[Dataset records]
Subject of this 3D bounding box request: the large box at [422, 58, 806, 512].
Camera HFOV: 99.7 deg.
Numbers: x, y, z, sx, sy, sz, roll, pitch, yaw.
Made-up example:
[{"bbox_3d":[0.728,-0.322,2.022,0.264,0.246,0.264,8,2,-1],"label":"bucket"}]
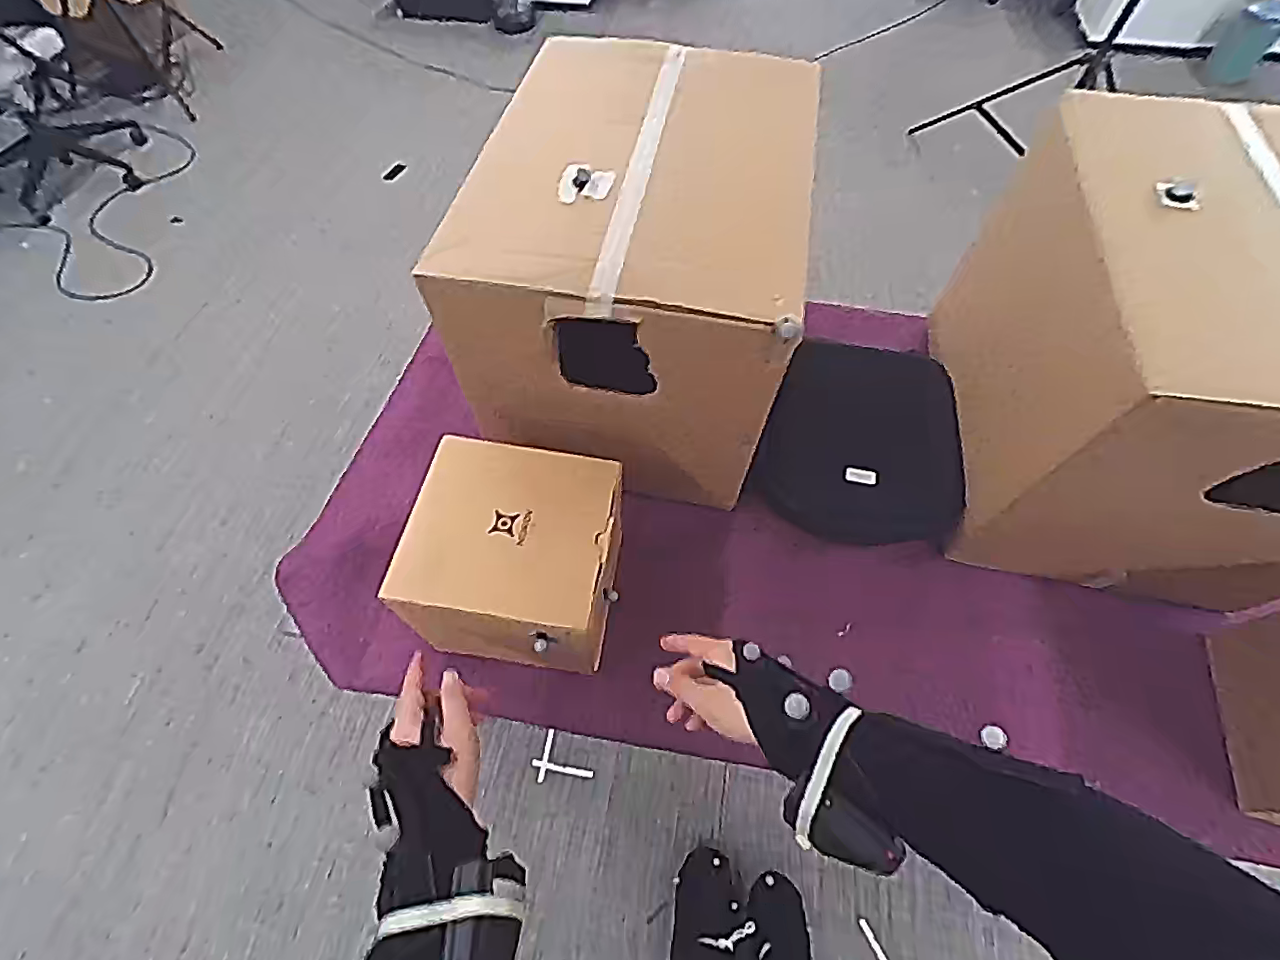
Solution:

- _EXERCISE REQUIREMENTS_
Transcribe every record exactly and omit each image.

- _TASK ANSWER_
Subject of this 3D bounding box request: the large box at [422, 58, 806, 512].
Camera HFOV: 99.7 deg.
Numbers: x, y, z, sx, sy, sz, roll, pitch, yaw.
Made-up example:
[{"bbox_3d":[0.728,-0.322,2.022,0.264,0.246,0.264,8,2,-1],"label":"bucket"}]
Solution:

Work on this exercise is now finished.